___ INPUT FOR THIS TASK ___
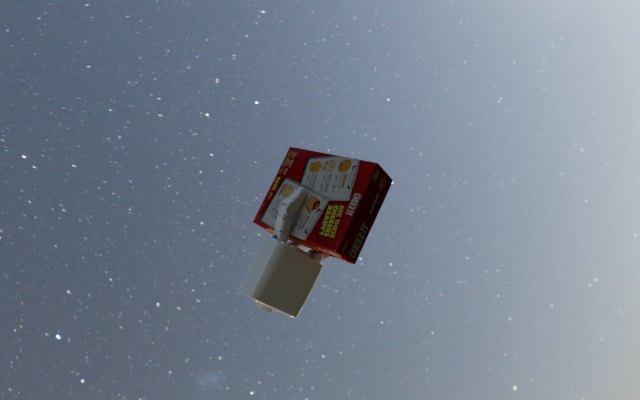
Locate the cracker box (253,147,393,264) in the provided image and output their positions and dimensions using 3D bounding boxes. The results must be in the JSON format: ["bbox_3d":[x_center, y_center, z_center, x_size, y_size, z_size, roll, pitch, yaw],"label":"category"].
[{"bbox_3d":[0.000,0.003,0.850,0.213,0.164,0.072,16,-14,42],"label":"cracker box"}]
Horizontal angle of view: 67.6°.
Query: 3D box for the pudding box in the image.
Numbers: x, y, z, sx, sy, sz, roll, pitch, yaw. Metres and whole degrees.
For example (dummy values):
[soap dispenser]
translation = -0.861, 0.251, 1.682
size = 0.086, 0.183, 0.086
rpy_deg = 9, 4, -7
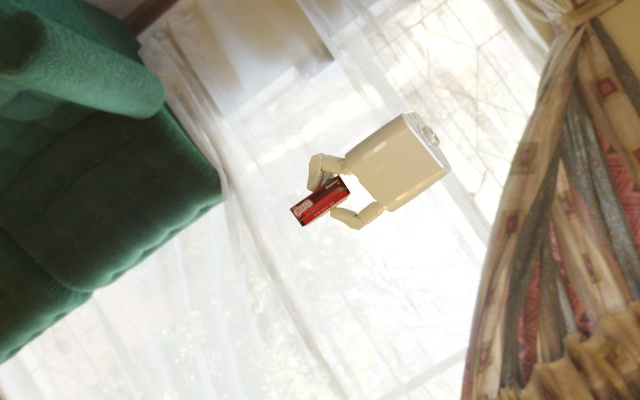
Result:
[pudding box]
translation = 0.000, 0.003, 0.744
size = 0.090, 0.039, 0.113
rpy_deg = -34, -4, -1
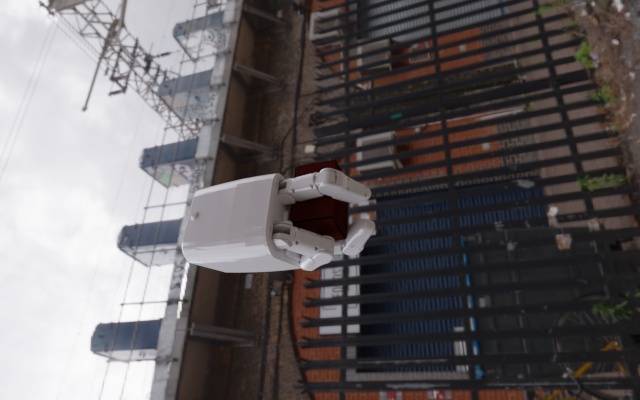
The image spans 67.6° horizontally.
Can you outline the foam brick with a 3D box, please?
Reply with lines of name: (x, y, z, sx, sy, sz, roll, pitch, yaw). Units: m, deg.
foam brick: (0.000, 0.002, 0.539, 0.051, 0.078, 0.053, -8, -35, 19)
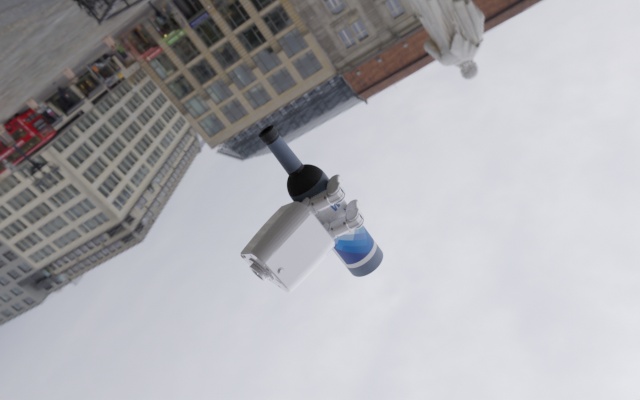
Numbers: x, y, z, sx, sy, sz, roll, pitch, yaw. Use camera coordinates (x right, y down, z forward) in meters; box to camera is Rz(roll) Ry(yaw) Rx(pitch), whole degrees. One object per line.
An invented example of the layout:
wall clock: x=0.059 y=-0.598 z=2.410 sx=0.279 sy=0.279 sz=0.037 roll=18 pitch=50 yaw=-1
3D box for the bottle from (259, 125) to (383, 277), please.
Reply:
bottle: x=0.000 y=0.003 z=0.766 sx=0.069 sy=0.296 sz=0.069 roll=-29 pitch=27 yaw=17
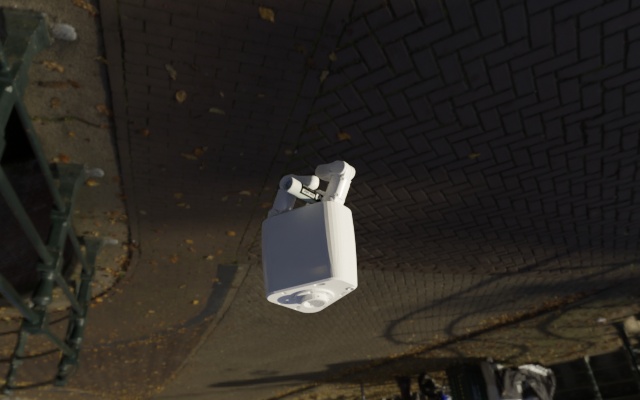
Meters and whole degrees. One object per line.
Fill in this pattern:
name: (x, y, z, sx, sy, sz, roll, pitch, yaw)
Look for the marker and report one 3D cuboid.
marker: (0.000, 0.002, 0.623, 0.020, 0.020, 0.121, 0, -22, 46)
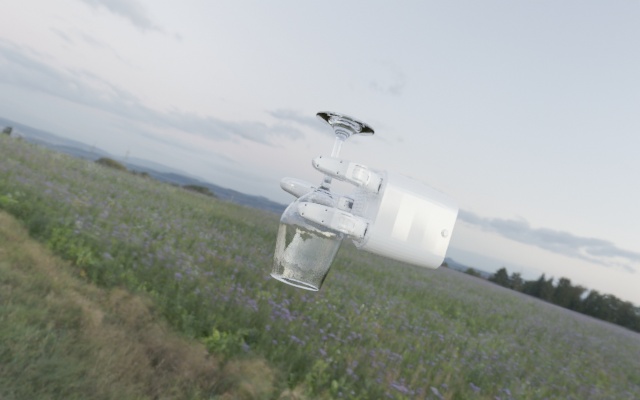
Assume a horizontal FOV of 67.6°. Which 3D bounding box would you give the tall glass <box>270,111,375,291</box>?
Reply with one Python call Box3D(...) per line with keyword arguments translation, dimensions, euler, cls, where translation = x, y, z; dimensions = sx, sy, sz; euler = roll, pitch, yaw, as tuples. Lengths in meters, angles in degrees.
Box3D(translation=(0.000, 0.001, 0.566), dimensions=(0.079, 0.201, 0.079), euler=(18, -4, 1), cls="tall glass")
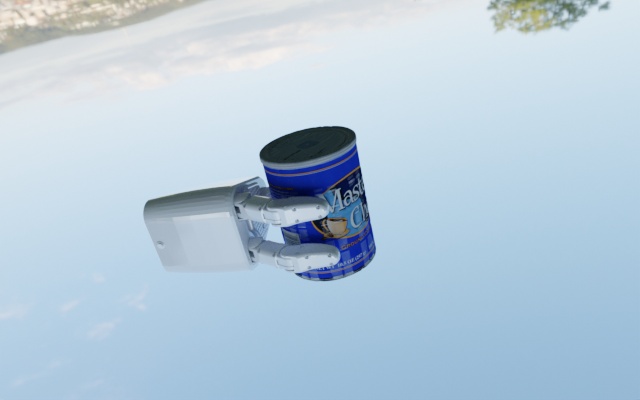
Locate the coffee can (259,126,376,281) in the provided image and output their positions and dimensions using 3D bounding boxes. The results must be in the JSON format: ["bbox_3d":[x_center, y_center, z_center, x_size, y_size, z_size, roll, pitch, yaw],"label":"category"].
[{"bbox_3d":[0.000,0.002,0.523,0.103,0.140,0.102,-11,26,5],"label":"coffee can"}]
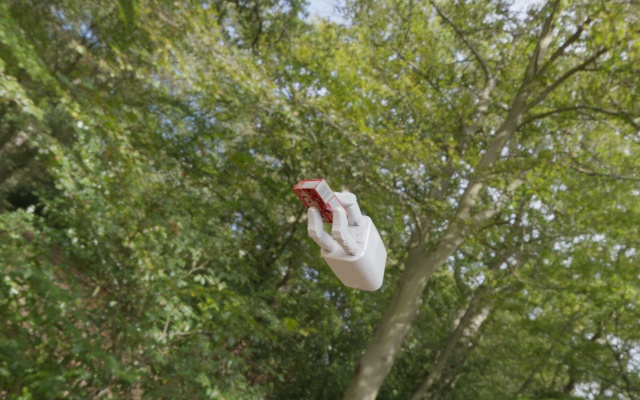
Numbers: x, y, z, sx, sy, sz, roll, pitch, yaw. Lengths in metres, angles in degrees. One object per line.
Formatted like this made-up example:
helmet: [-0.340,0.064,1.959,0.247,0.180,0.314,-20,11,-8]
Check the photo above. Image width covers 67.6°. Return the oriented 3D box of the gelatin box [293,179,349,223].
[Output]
gelatin box: [0.000,0.002,0.878,0.030,0.089,0.073,-48,26,-25]
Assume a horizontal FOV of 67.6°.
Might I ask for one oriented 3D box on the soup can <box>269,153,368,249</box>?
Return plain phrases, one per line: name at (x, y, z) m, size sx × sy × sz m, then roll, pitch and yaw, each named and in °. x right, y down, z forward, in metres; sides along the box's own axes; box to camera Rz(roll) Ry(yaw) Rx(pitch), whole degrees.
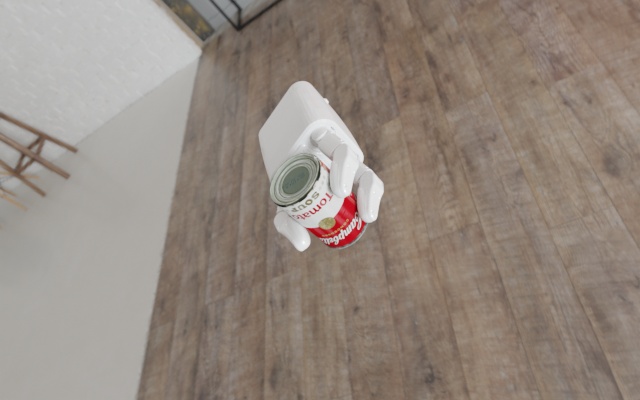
soup can at (0.000, 0.002, 0.532) m, size 0.068 × 0.068 × 0.102 m, roll 0°, pitch -30°, yaw 40°
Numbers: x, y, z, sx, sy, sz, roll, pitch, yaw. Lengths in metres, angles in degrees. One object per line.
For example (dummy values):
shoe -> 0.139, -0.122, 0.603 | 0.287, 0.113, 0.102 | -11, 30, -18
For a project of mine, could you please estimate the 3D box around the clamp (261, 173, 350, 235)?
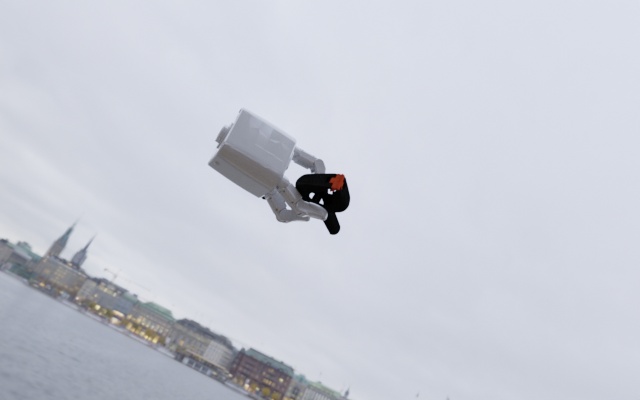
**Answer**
clamp -> 0.000, 0.002, 0.811 | 0.164, 0.036, 0.210 | 30, -23, -18
___
* WHAT THIS TASK INVOLVES *
Search the material above for the word "please", then copy each line that holds it.

* ANSWER FOR THIS EXERCISE *
Can you outline the foam brick with a 3D box, please?
3D box for the bottle from (259, 125) to (383, 277), please.
For a project of mine, could you please estimate the 3D box around the clamp (261, 173, 350, 235)?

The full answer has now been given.